Çünkü biliyorum ki, yanımdaki yardımcım değil, annem olsa bu sorunların hiçbiri çıkmayacak...
Kadınsı bir psikolojik hareketla karşı karşıyayım...
Üstelik kaçamağın K’si yanıma uğrayamayacak durumdayken...
Eski haber müdürüm, Akşam’ın yayın yönetmenliğini de yapan kardeşim Ali Genç‘i aradım yine gecenin o saatinde...
Artık alıştığımdan gayet sakinim bu durumlara...

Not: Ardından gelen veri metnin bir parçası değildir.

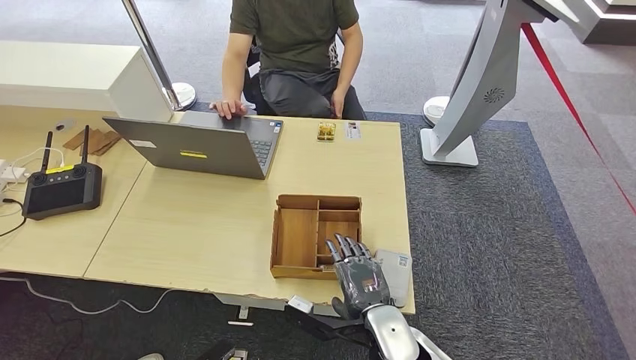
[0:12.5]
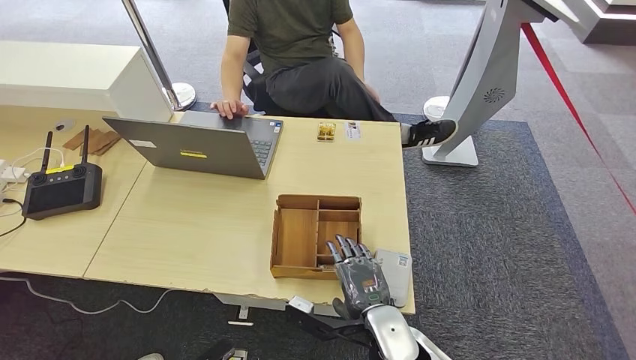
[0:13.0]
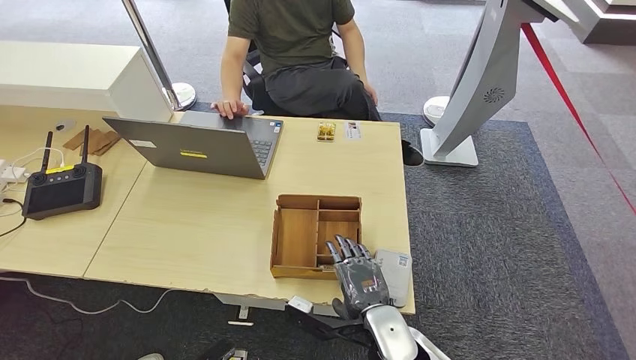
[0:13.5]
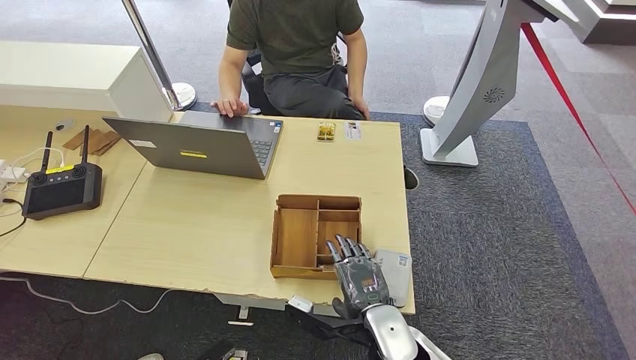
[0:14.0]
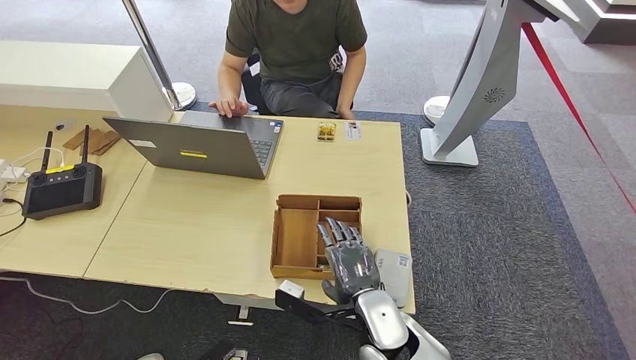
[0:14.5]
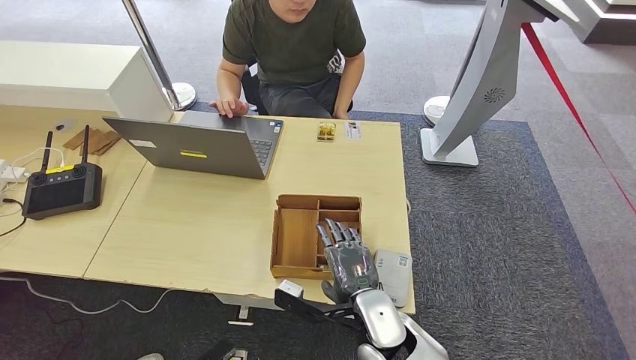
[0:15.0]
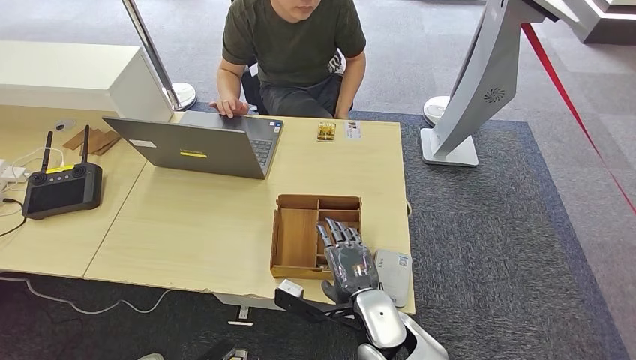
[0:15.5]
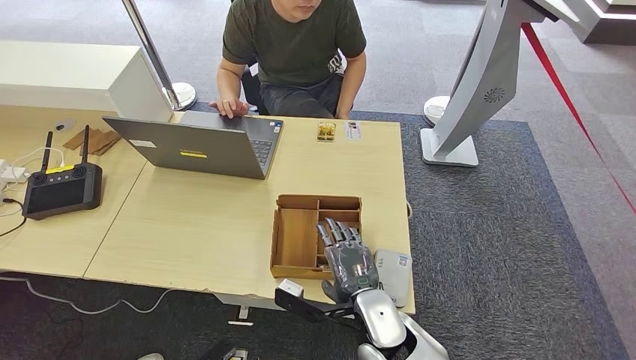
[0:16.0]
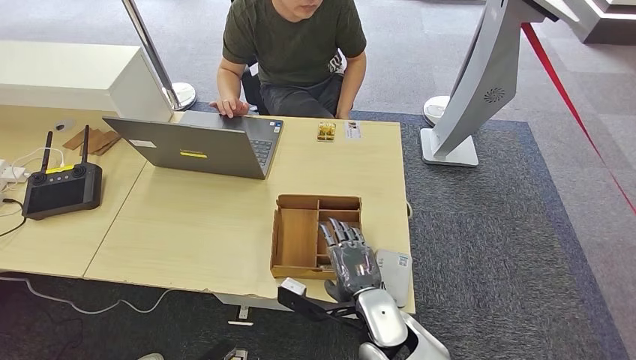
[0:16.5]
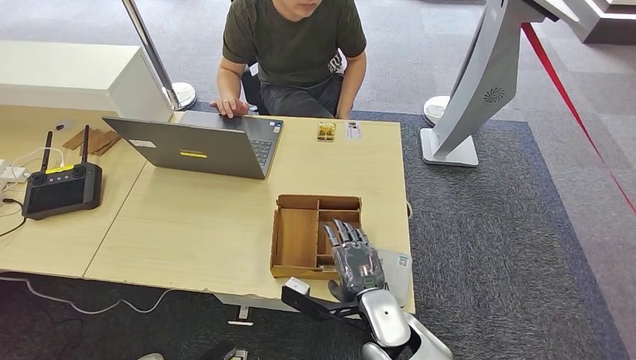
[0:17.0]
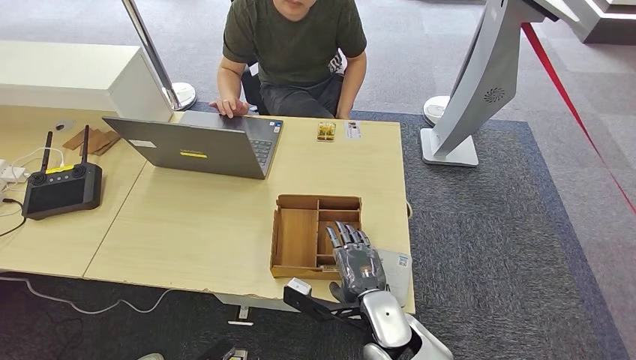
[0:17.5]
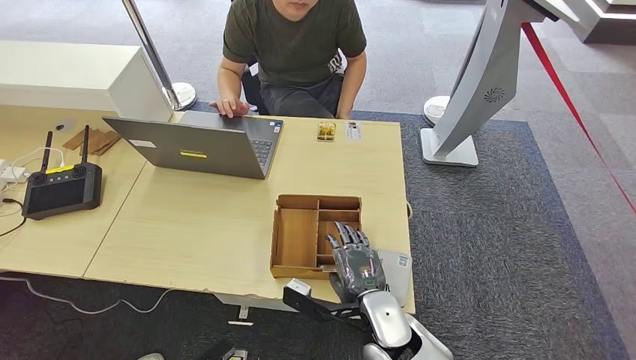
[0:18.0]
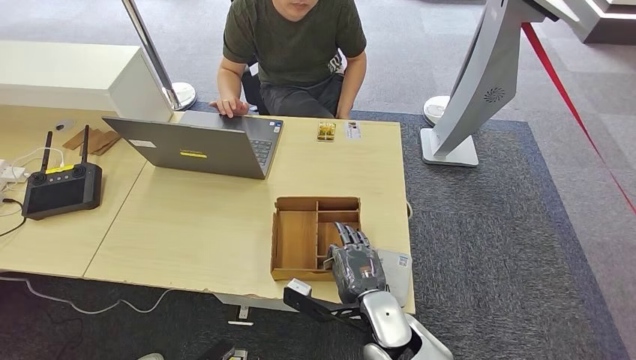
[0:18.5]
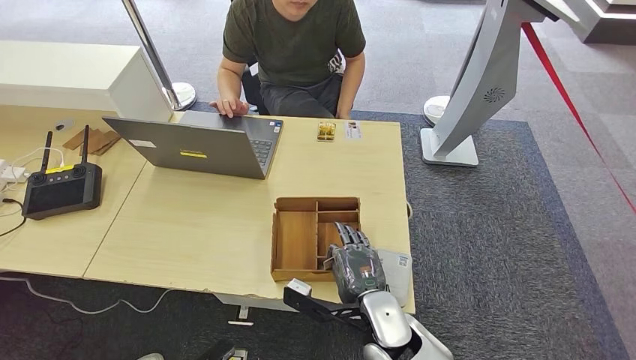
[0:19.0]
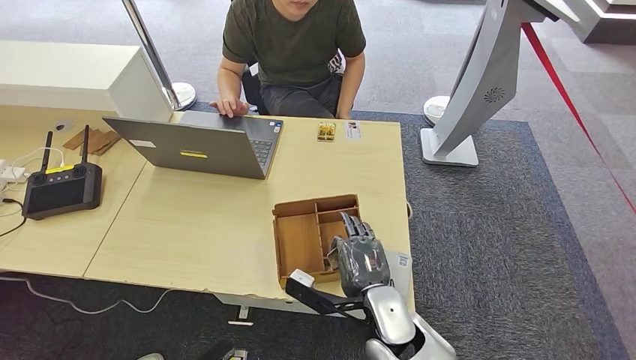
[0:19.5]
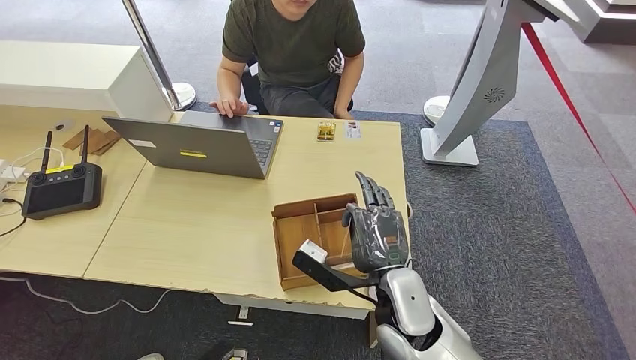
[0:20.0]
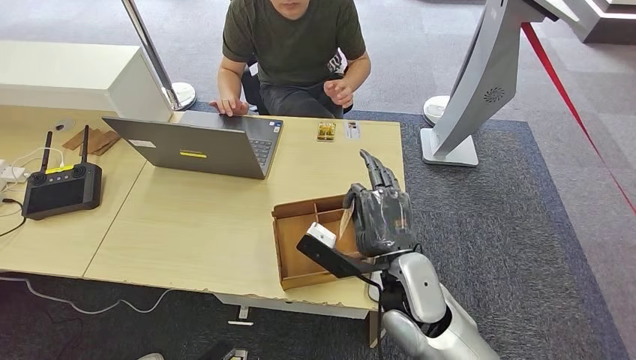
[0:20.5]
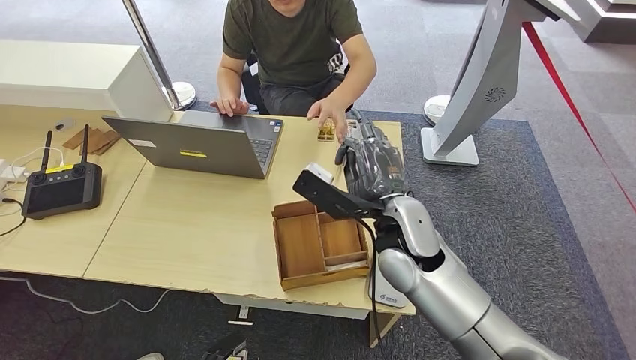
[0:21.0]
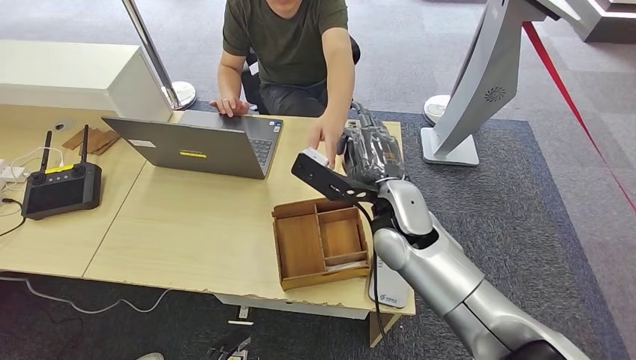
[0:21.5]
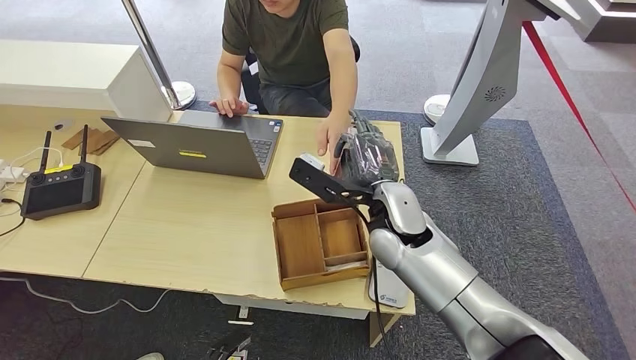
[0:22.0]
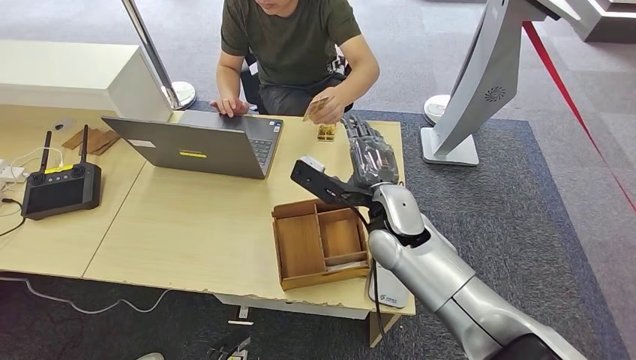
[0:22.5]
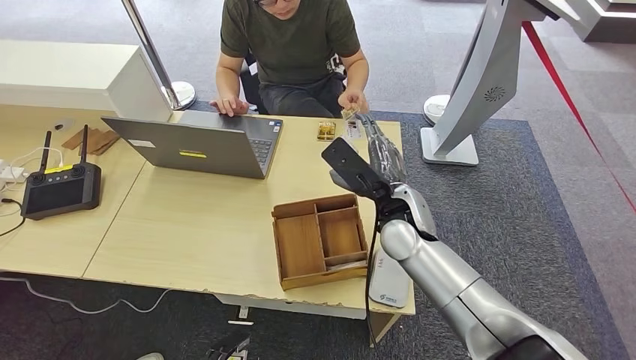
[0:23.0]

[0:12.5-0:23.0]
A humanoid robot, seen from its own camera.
Step, 0:18.0 to 0:21.0: Pick up the room key from the key card box.
0:12.5 to 0:14.5: There are only small adjustments of the hands.
0:14.5 to 0:16.5: Neither hand changes place.
0:16.5 to 0:19.0: Both hands stay put.
0:19.0 to 0:21.0: The right hand travels upward and forward by approximately 15 cm.
0:21.0 to 0:23.0: The right hand shifts by approximately 5 cm.

“Ali’ciğim, yardımcımı uçurmuyorlar, çünkü bileti ekonomiymiş...”
Ali cin gibi;
“Abi” diyor, “Senin THY Elite kartını gömüyorlar mı?.. O kartı olanlar, yanlarında bir yolcuyu CİP’de uçurabalirler... Bunu bilgisayara baktıklarında görmeleri lazımdı...”
Elimi cebime sokuyorum, gerçekten benim bir de Elite kartım var, ancak onu göstermeye bile gerek kalmadan konuşmayı duyan yer hostesi hanımlardan biri, jet hızıyla bizim işlemleri yapıyor...
***
Hayatı şöyle okuyabilirdim o sırada?..
“Bu bana nasıl yapılır kardeşim?..”
Eğer böyle okusaydım, hâlâ hayattan hiçbir şey anlamayan hanzonun tekiydim...
Ben şöyle okudum:
“Yanında yardımcın olduğunu bilmedikleri genç ve tanımadıkları bir hanımla THY CİP salonuna gelirsen, sana her zaman yardımcı olan THY’nin güzel yer hostesleri, sana ve özellikle yanındakine belli belirsiz gıcık kaparlar... İşleri bir parça yokuşa sürerler... Böyle durumlarda arayacak ve sana çıkış yolu gösterecek dostların olsun... Dostların yoksa, orada bulunanlar arasında bir anlayışlı kişiden dost edinmeye çalış... Laf arasında yapmakta olduğun işin, bir söyleşiye katılmak olduğunu, kaçamak olmadığını göster...
Eğer kaçamak yapıyorsan, zaten yapacak bir şeyin pek yok...
Tecavüz geliyor...
Gözlerini kapat ve zevk almaya bak!.